One method to intercept water in a fuel system is to provide a fuel filter media of the type that permits fuel, such as gasoline, diesel fuel or the like, to pass therethrough, but which resists the passage of water. Filters of this type include hydrophilic material that absorbs and expands in the presence of water, but which are not olephilic, that is, that do not absorb hydrocarbons.

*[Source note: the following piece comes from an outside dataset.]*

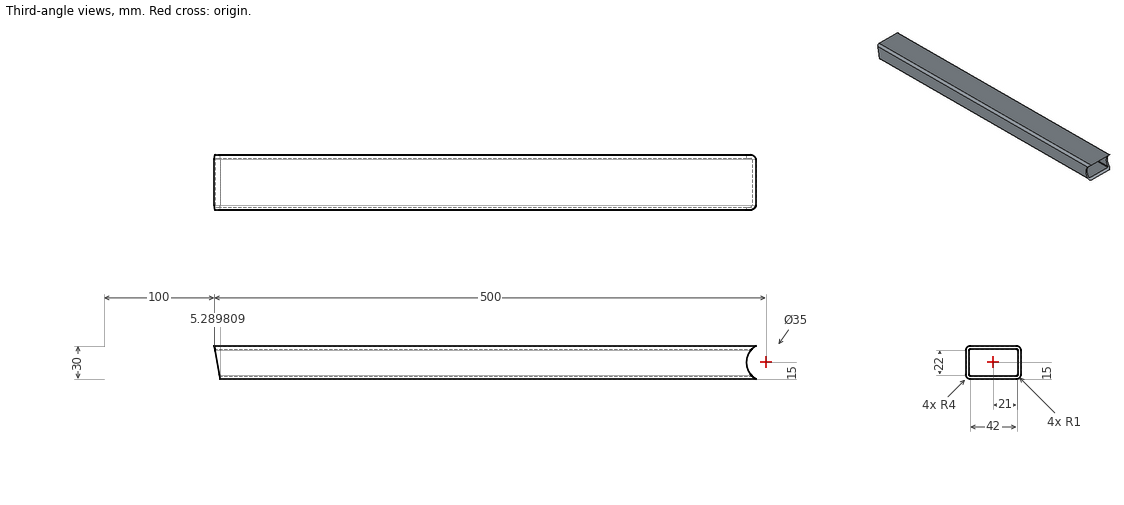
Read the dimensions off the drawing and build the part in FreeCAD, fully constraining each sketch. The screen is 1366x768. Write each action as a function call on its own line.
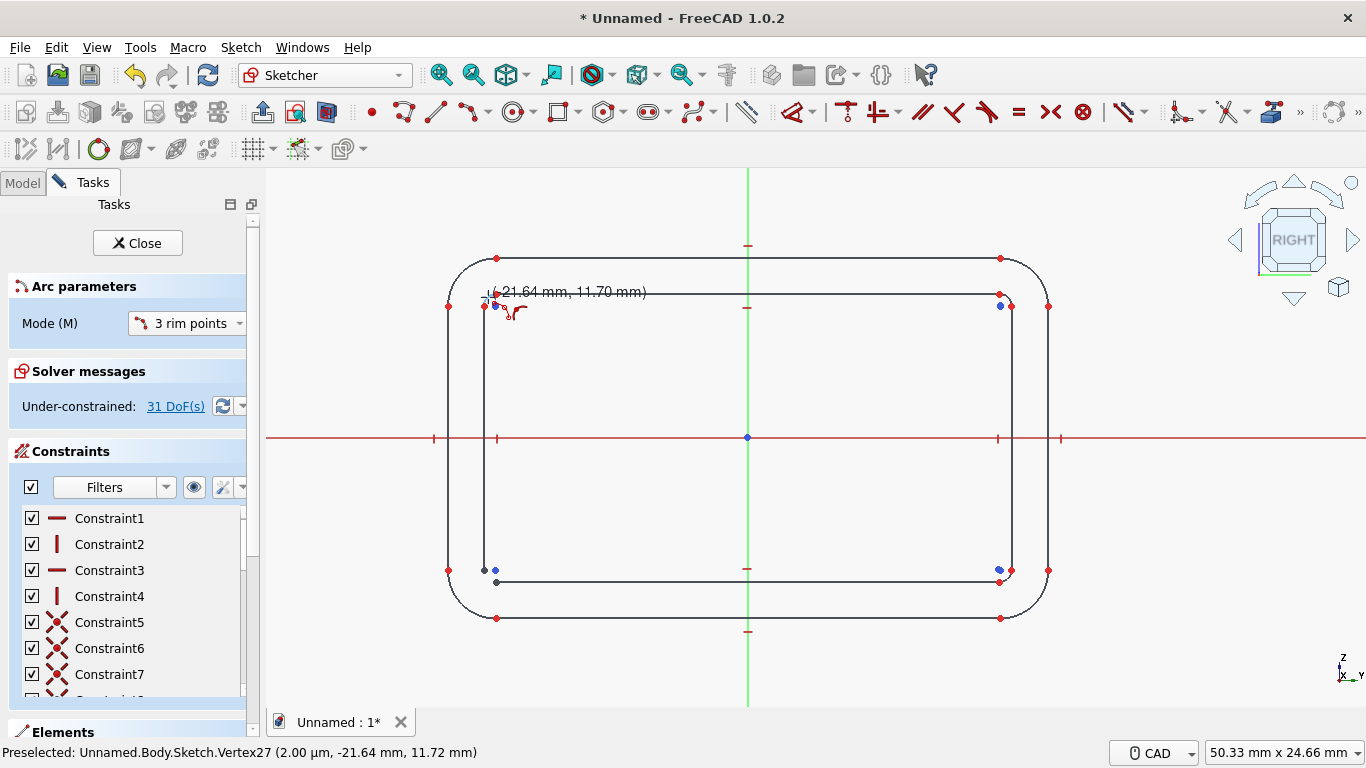
scroll(484, 570, up, 2)

In a fuel flow filtering system it is highly desirable that positive shut off be provided so that when sufficient water is detected in a fuel flow system, such as by water absorptive fuel media swelling or otherwise reacting to resist the further fuel flow therethrough, a positive mechanical type shut off is obtained. U.S. Pat. No. 4,485,011 to Cole et al discloses a type of shut-off valve in conjunction with a fuel filter arrangement. Reference may also be had to U.S. Pat. No. 4,959,141 to Anderson which discloses an improvement in the Cole et al device. In the Cole et al and Anderson devices, a ball is maintained in position when the pressure drop across a filter media is below a certain level but is displaced when the pressure drop increases, such as occurs when the filter absorbs water. The ball is then passed to a valve closure position to stop further fuel flow through the filter. The concepts of the Cole et al U.S. Pat. No. 4,485,011 and Anderson U.S. Pat. No. 4,959,141 are good and useful and are significant advancements of the state of the art. However, some problems exist with the critical manufacturing tolerances employed in both the Cole et al and Anderson devices. The devices disclosed in each of these patents include one or more washer-type elements that are deformed by a ball as pressure differential across the ball increases. It can be easily understood that the thickness of the washer, the diameter of the opening through the washer, the diameter of the ball, the deflection of the washer in the manufacture process, and so forth, are exceedingly critical to permit the ball to pass through the washer or washers at the proper elevated pressure differential, but which do not permit the ball to pass through at lower pressure differentials. While the concepts of the Cole et al and Anderson patents are good, manufacturing products to fulfill the objectives of these patents has proven to be somewhat difficult.
The present disclosure is an improvement in the basic concepts disclosed in the Cole et al and Anderson patents. Particularly, the present disclosure is intended to accomplish essentially the same objective of these two previously issued patents, that is, to close off fuel flow through a filter when the amount of water and contaminants absorbed by the filter has caused a differential pressure to build across the filter to a preselected level and to thereafter stop all further fuel flow through the filter.
The present disclosure accomplishes essentially the same objectives of the Cole et al and Anderson patents without using a ball and washer arrangement, and in a way that permits more carefully controllable manufacturing tolerances to thereby provide for a fuel filter having a method of fuel cut off that is easier to manufacture and a filter having a more predictable level of differential pressure that actuates the filter to close off against further fuel flow.